Amar Akbar Anthony, on her first viewing, seemed ‘‘a mixture of Shakespearean comedy with unlikely chance meetings and situational turnarounds, of Elvis Presley fight-sing-and-dance films, of Yiddish stories with touching mother-son scenes, of cowboy or gangster bad-guy sequences, of Tarzan-style role swinging to save those in danger, and of a Three-Musketeers spirit of camaraderie…”
But then, that was never the point, was it? And Haham recognises that, approaching Desai’s unique masala genre with openness and humour. She describes the enduring legacy of Manmohan Desai’s films: such as in Khalid Mohammed’s Fiza, which showed the living streets of Bombay, the coastline and the beautiful Haji Ali shrine (where the final fight scene of Coolie was played out). The sheer energy of Desai’s films, their inventiveness, their spirited music.

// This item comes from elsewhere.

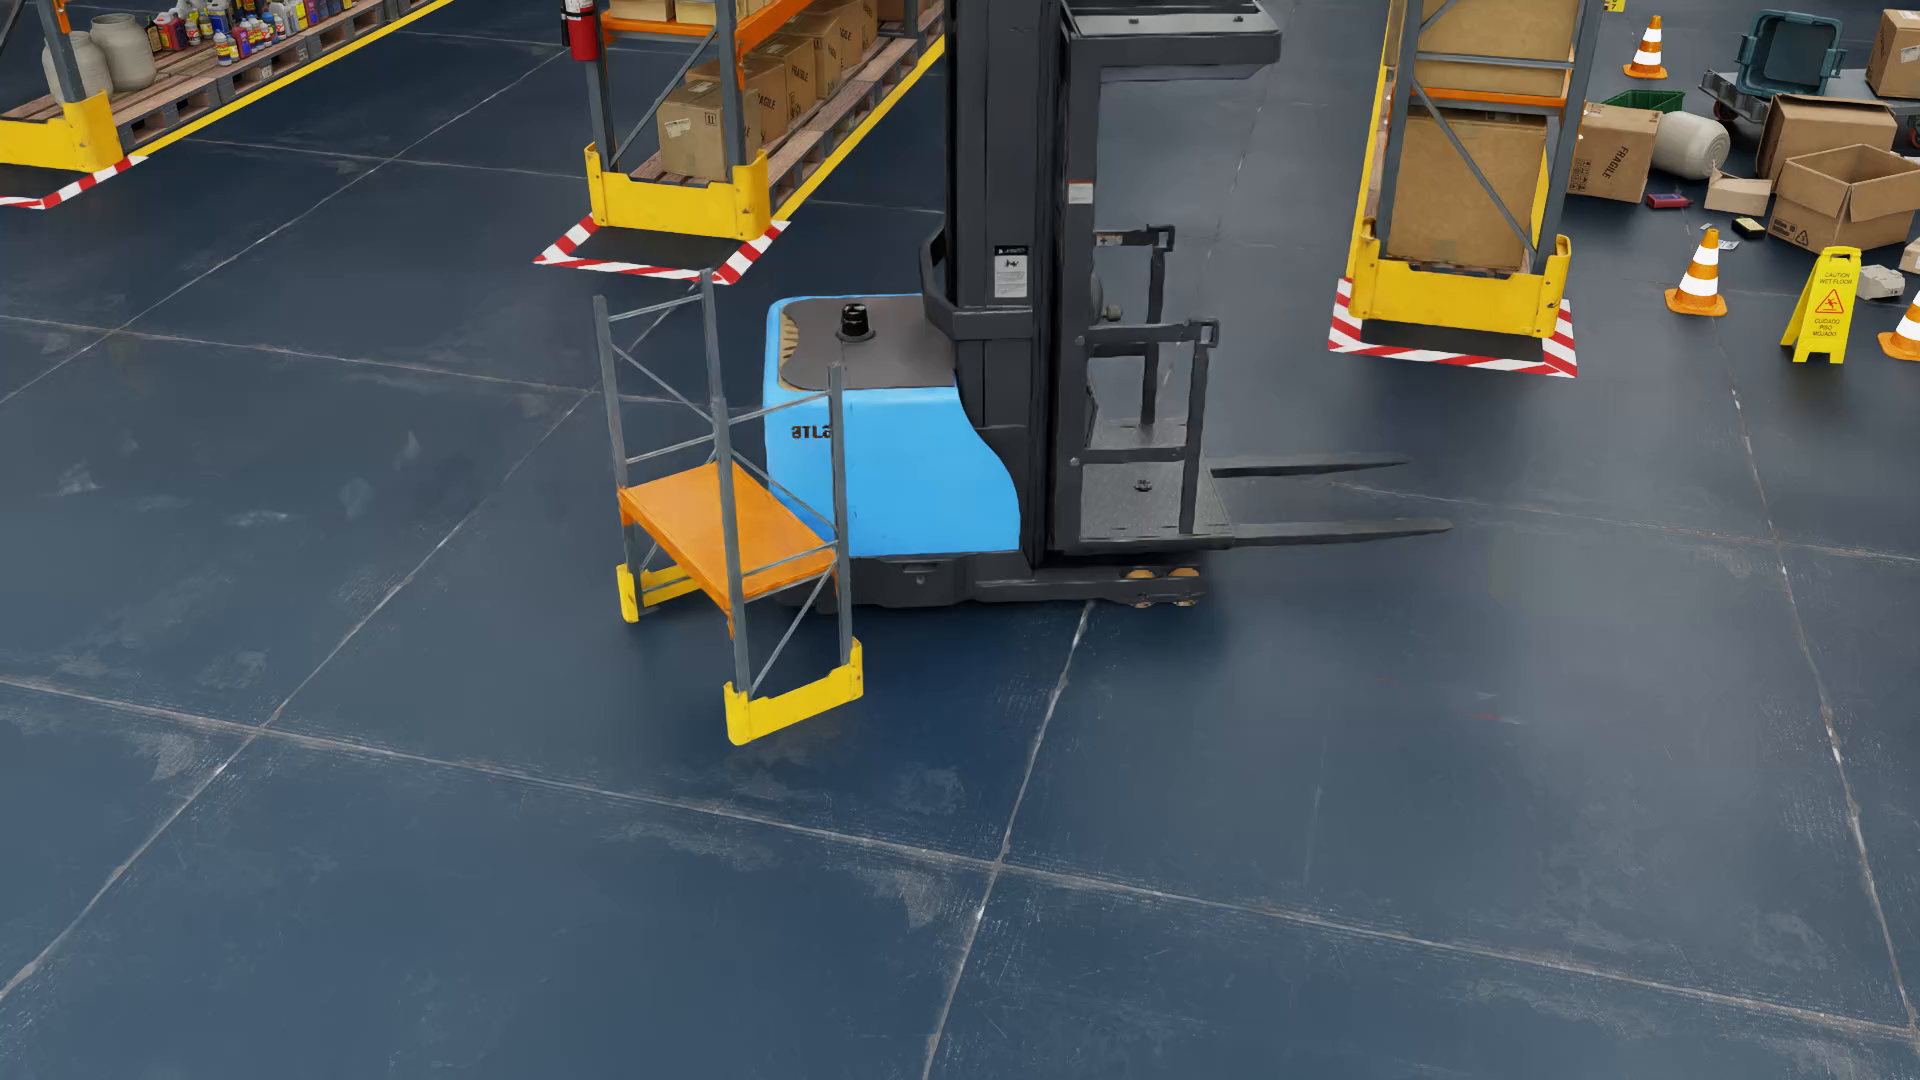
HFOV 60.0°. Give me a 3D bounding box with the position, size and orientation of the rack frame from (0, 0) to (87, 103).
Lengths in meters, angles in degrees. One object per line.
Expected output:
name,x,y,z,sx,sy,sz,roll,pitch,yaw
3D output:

His biggest legacy, of course, was that from black and white days in 1960 to colour from 1968 to 1988, he provided rollicking, popcorn, mirch-masala entertainment. Films about brothers and families (after all, one of his early films was Raampur ka Lakshman; another was Bhai Ho to Aisa), life-and-death friendships, good guys and bad guys, lots of romance, and lots of song and dance. The kind of films that should be watched in large groups, sitting in the back stalls, whistling and stomping your feet.
And that’s the legacy that leads Haham to encounter, years later and quite unexpectedly on a Paris street, a drunken man weaving down the sidewalk, singing a song from Dharam Veer: ‘‘Main galiyon ka raja, tum mahalon ki rani’’. As she points out, the inhabitants of Paris rarely sing. But ‘‘years later and far from his Bombay home, Manmohan Desai, who had also known both sadness and joy, was still pleasing a member of his public.’’
Enchantment of the Mind is a warm tribute, laced with humour and affection, to a film-maker who loved to entertain.